Thank you, Vanilla. I know I should and will make an appointment soon. As I have said before, she has mentioned doing an uncontested divorce. I really do not think she wants to go to court over anything. Maybe its just my mindset. I am just having such a hard time over all of this. Yes, I am trying to so hard to be that lighthouse and keep calm, but at the same time on the inside I am just going crazy. I have tried detaching and distancing myself, but I just have such a hard time. Everytime I act in that manner, she always asks whats wrong.

As of now, our relationship is on break and we are just working on "getting comfortable with each other and our friendship." To my overactive mind, that seems to be telling me that in her own way she is trying to prepare me for the divorce.

An interesting, but maybe meaningless, conversation came up this weekend. She had mentioned that her sister wants her to come visit again soon on her birthday so they can go to a show. I told her that the SIL (the one going through the D) sure is living it up now and is doing all this "going out" now that she is D to which the W really didn't say anything. And now, it seems like the wife is starting to want to do the same with her. Remember, I told you that these two were very, very tight due to their childhood. The W mentioned going up to see her and asked if it was ok - I almost told her this: "If it were me on my birthday, I would want to spend it with my children. Especially seeing as to how I would be leaving in less than two months to go to my new base." Maybe I should have.

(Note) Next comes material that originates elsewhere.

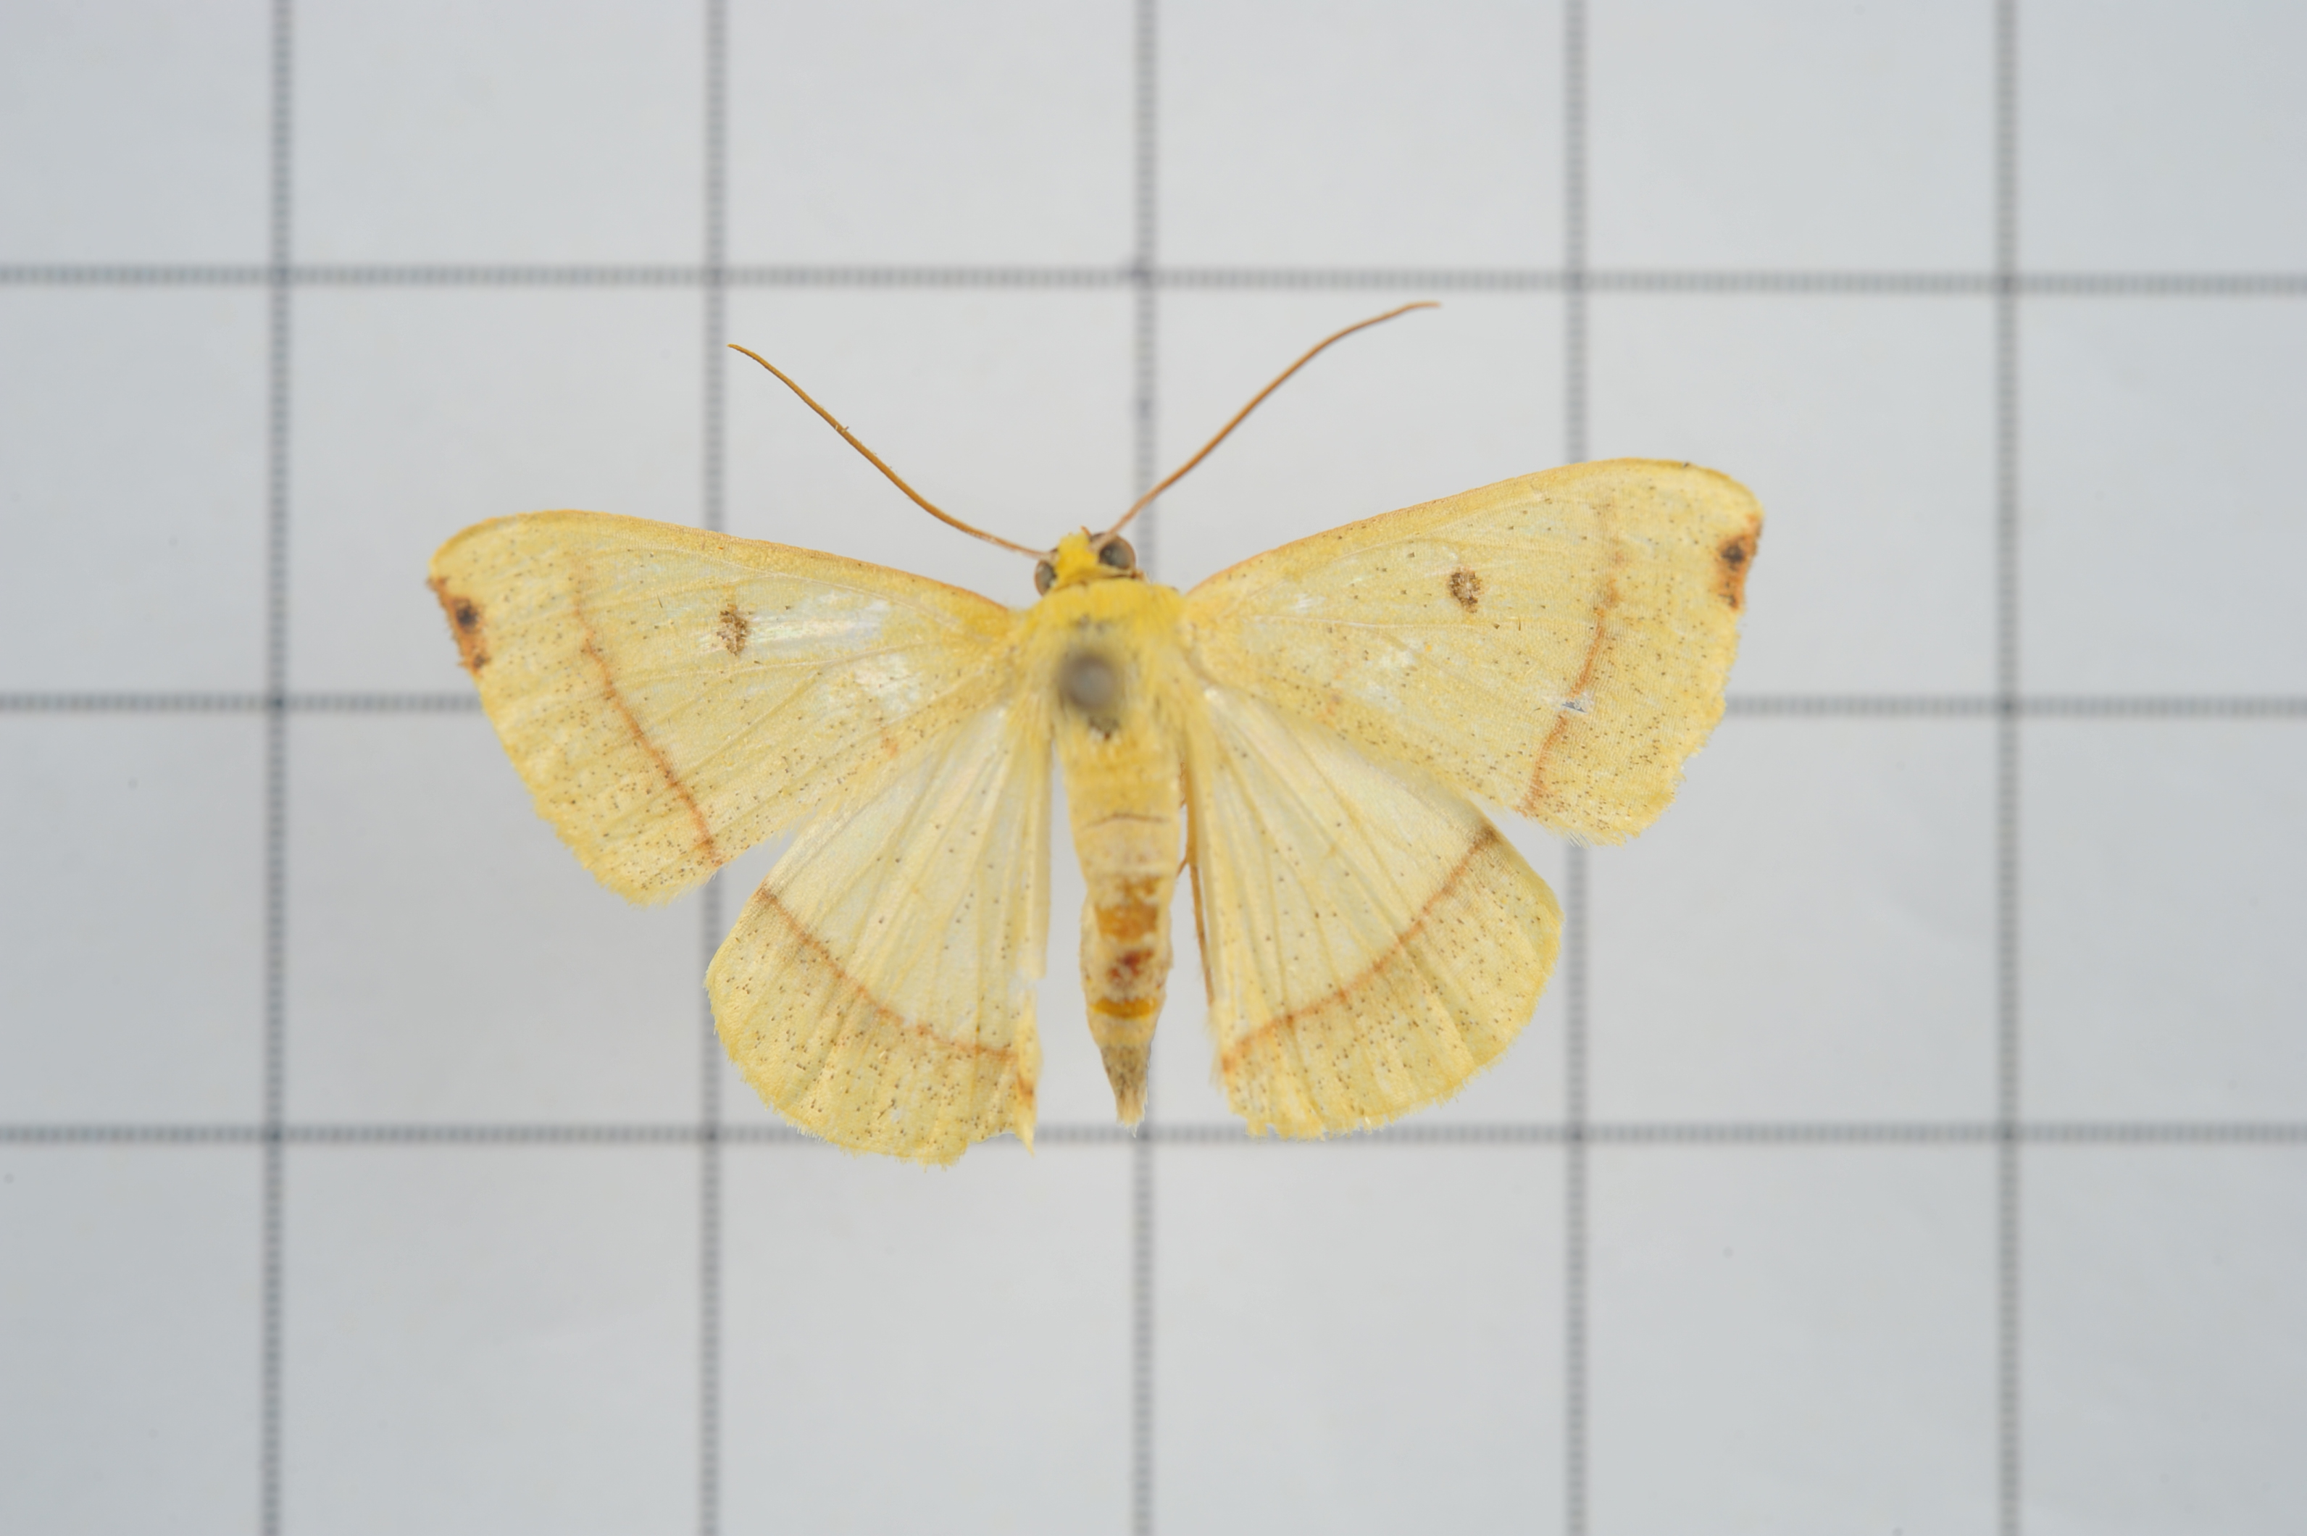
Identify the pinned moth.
Eilicrinia flava

Thoughts? I guess her priorities are out of line. I mean, she claims to love them so much but would rather do that instead of spending that time with them?

The W continues to live in the house but sleeps on the couch. The kids are asking all kinds of questions as to why. I have never told the W what they ask because I don't want her to have one of her attacks. Maybe I should? Maybe she should see the truth or should I just let it be?


There are moments in this life when you are so confident in the rightness of your actions, that not even for a second do you consider the option that you might be wrong.